__Extracted data__.

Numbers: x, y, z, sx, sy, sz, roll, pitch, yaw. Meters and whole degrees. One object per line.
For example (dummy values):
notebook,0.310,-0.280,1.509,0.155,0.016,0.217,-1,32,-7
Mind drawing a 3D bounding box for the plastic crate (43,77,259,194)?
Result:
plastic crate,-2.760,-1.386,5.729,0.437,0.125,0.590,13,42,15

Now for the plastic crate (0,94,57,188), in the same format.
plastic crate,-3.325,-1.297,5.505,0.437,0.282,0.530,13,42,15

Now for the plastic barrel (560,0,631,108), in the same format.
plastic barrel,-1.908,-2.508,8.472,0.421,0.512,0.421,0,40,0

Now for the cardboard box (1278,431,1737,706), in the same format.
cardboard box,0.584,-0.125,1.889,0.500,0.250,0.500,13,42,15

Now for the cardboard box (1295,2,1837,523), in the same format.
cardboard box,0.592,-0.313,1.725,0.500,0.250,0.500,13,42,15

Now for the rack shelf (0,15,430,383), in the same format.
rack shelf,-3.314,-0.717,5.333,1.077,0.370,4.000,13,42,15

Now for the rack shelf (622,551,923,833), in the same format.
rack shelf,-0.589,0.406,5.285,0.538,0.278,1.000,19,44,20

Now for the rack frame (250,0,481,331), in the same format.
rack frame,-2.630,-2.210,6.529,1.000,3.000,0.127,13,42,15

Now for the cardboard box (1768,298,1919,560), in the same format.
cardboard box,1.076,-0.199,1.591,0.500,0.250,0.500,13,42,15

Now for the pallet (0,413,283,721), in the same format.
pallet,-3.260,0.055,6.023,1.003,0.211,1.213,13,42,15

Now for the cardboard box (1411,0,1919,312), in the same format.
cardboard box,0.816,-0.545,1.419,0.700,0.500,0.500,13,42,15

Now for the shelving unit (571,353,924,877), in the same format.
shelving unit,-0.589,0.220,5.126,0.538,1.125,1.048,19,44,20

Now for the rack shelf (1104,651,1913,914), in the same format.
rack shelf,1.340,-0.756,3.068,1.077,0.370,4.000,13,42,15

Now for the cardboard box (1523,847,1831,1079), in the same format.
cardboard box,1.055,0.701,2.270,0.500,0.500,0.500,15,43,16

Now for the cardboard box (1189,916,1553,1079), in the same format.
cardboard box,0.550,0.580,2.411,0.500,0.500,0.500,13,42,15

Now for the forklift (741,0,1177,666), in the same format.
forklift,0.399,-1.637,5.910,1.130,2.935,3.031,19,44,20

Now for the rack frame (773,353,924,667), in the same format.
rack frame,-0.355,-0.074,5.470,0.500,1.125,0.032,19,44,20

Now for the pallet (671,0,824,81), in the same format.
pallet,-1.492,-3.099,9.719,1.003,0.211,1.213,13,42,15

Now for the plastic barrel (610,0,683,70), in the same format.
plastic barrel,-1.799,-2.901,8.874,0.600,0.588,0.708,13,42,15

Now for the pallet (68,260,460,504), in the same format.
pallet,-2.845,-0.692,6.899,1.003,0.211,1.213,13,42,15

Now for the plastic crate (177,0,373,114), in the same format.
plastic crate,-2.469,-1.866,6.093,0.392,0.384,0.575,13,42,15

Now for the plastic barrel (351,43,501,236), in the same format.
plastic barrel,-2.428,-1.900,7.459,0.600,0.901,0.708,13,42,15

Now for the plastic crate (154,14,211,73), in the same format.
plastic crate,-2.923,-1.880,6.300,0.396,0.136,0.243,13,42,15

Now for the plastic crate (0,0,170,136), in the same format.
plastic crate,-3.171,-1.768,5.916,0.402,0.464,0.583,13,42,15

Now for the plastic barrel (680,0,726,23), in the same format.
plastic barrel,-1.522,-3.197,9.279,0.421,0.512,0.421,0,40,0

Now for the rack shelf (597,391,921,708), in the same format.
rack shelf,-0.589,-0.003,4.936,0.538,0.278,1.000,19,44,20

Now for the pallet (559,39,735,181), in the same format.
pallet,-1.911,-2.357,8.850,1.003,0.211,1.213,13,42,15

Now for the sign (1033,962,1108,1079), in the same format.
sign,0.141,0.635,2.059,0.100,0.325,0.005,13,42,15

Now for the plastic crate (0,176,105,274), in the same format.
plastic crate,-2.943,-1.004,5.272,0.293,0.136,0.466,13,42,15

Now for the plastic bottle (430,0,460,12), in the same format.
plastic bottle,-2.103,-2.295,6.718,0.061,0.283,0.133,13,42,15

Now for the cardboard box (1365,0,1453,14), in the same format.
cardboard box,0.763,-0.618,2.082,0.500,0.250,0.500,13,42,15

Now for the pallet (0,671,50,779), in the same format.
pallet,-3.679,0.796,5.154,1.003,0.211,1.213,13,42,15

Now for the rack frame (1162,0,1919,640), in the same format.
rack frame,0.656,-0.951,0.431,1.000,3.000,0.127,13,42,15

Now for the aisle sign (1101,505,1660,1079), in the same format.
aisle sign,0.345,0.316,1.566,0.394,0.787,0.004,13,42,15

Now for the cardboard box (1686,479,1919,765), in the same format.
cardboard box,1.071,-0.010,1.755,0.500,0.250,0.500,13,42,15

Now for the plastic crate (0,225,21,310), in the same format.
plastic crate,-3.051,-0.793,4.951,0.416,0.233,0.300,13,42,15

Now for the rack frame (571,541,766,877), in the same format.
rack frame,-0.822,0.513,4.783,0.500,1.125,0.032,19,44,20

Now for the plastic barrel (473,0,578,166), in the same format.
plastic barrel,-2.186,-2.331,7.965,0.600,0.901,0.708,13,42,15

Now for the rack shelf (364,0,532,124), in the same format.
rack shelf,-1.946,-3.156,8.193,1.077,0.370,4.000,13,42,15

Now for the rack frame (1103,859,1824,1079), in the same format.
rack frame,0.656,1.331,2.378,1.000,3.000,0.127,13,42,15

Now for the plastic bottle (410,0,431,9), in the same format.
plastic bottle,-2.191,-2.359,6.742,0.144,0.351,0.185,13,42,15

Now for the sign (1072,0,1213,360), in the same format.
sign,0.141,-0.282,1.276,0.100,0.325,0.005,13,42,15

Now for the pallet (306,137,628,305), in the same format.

__Try it__. Could you copy each line above word for word?

__Answer__.
Numbers: x, y, z, sx, sy, sz, roll, pitch, yaw. Meters and whole degrees. One object per line.
For example (dummy values):
notebook,0.310,-0.280,1.509,0.155,0.016,0.217,-1,32,-7
Mind drawing a 3D bounding box for the plastic crate (43,77,259,194)?
Result:
plastic crate,-2.760,-1.386,5.729,0.437,0.125,0.590,13,42,15

Now for the plastic crate (0,94,57,188), in the same format.
plastic crate,-3.325,-1.297,5.505,0.437,0.282,0.530,13,42,15

Now for the plastic barrel (560,0,631,108), in the same format.
plastic barrel,-1.908,-2.508,8.472,0.421,0.512,0.421,0,40,0

Now for the cardboard box (1278,431,1737,706), in the same format.
cardboard box,0.584,-0.125,1.889,0.500,0.250,0.500,13,42,15

Now for the cardboard box (1295,2,1837,523), in the same format.
cardboard box,0.592,-0.313,1.725,0.500,0.250,0.500,13,42,15

Now for the rack shelf (0,15,430,383), in the same format.
rack shelf,-3.314,-0.717,5.333,1.077,0.370,4.000,13,42,15

Now for the rack shelf (622,551,923,833), in the same format.
rack shelf,-0.589,0.406,5.285,0.538,0.278,1.000,19,44,20

Now for the rack frame (250,0,481,331), in the same format.
rack frame,-2.630,-2.210,6.529,1.000,3.000,0.127,13,42,15

Now for the cardboard box (1768,298,1919,560), in the same format.
cardboard box,1.076,-0.199,1.591,0.500,0.250,0.500,13,42,15

Now for the pallet (0,413,283,721), in the same format.
pallet,-3.260,0.055,6.023,1.003,0.211,1.213,13,42,15

Now for the cardboard box (1411,0,1919,312), in the same format.
cardboard box,0.816,-0.545,1.419,0.700,0.500,0.500,13,42,15

Now for the shelving unit (571,353,924,877), in the same format.
shelving unit,-0.589,0.220,5.126,0.538,1.125,1.048,19,44,20

Now for the rack shelf (1104,651,1913,914), in the same format.
rack shelf,1.340,-0.756,3.068,1.077,0.370,4.000,13,42,15

Now for the cardboard box (1523,847,1831,1079), in the same format.
cardboard box,1.055,0.701,2.270,0.500,0.500,0.500,15,43,16

Now for the cardboard box (1189,916,1553,1079), in the same format.
cardboard box,0.550,0.580,2.411,0.500,0.500,0.500,13,42,15

Now for the forklift (741,0,1177,666), in the same format.
forklift,0.399,-1.637,5.910,1.130,2.935,3.031,19,44,20

Now for the rack frame (773,353,924,667), in the same format.
rack frame,-0.355,-0.074,5.470,0.500,1.125,0.032,19,44,20

Now for the pallet (671,0,824,81), in the same format.
pallet,-1.492,-3.099,9.719,1.003,0.211,1.213,13,42,15

Now for the plastic barrel (610,0,683,70), in the same format.
plastic barrel,-1.799,-2.901,8.874,0.600,0.588,0.708,13,42,15

Now for the pallet (68,260,460,504), in the same format.
pallet,-2.845,-0.692,6.899,1.003,0.211,1.213,13,42,15

Now for the plastic crate (177,0,373,114), in the same format.
plastic crate,-2.469,-1.866,6.093,0.392,0.384,0.575,13,42,15

Now for the plastic barrel (351,43,501,236), in the same format.
plastic barrel,-2.428,-1.900,7.459,0.600,0.901,0.708,13,42,15

Now for the plastic crate (154,14,211,73), in the same format.
plastic crate,-2.923,-1.880,6.300,0.396,0.136,0.243,13,42,15

Now for the plastic crate (0,0,170,136), in the same format.
plastic crate,-3.171,-1.768,5.916,0.402,0.464,0.583,13,42,15

Now for the plastic barrel (680,0,726,23), in the same format.
plastic barrel,-1.522,-3.197,9.279,0.421,0.512,0.421,0,40,0

Now for the rack shelf (597,391,921,708), in the same format.
rack shelf,-0.589,-0.003,4.936,0.538,0.278,1.000,19,44,20

Now for the pallet (559,39,735,181), in the same format.
pallet,-1.911,-2.357,8.850,1.003,0.211,1.213,13,42,15

Now for the sign (1033,962,1108,1079), in the same format.
sign,0.141,0.635,2.059,0.100,0.325,0.005,13,42,15

Now for the plastic crate (0,176,105,274), in the same format.
plastic crate,-2.943,-1.004,5.272,0.293,0.136,0.466,13,42,15

Now for the plastic bottle (430,0,460,12), in the same format.
plastic bottle,-2.103,-2.295,6.718,0.061,0.283,0.133,13,42,15

Now for the cardboard box (1365,0,1453,14), in the same format.
cardboard box,0.763,-0.618,2.082,0.500,0.250,0.500,13,42,15

Now for the pallet (0,671,50,779), in the same format.
pallet,-3.679,0.796,5.154,1.003,0.211,1.213,13,42,15

Now for the rack frame (1162,0,1919,640), in the same format.
rack frame,0.656,-0.951,0.431,1.000,3.000,0.127,13,42,15

Now for the aisle sign (1101,505,1660,1079), in the same format.
aisle sign,0.345,0.316,1.566,0.394,0.787,0.004,13,42,15

Now for the cardboard box (1686,479,1919,765), in the same format.
cardboard box,1.071,-0.010,1.755,0.500,0.250,0.500,13,42,15

Now for the plastic crate (0,225,21,310), in the same format.
plastic crate,-3.051,-0.793,4.951,0.416,0.233,0.300,13,42,15

Now for the rack frame (571,541,766,877), in the same format.
rack frame,-0.822,0.513,4.783,0.500,1.125,0.032,19,44,20

Now for the plastic barrel (473,0,578,166), in the same format.
plastic barrel,-2.186,-2.331,7.965,0.600,0.901,0.708,13,42,15

Now for the rack shelf (364,0,532,124), in the same format.
rack shelf,-1.946,-3.156,8.193,1.077,0.370,4.000,13,42,15

Now for the rack frame (1103,859,1824,1079), in the same format.
rack frame,0.656,1.331,2.378,1.000,3.000,0.127,13,42,15

Now for the plastic bottle (410,0,431,9), in the same format.
plastic bottle,-2.191,-2.359,6.742,0.144,0.351,0.185,13,42,15

Now for the sign (1072,0,1213,360), in the same format.
sign,0.141,-0.282,1.276,0.100,0.325,0.005,13,42,15

Now for the pallet (306,137,628,305), in the same format.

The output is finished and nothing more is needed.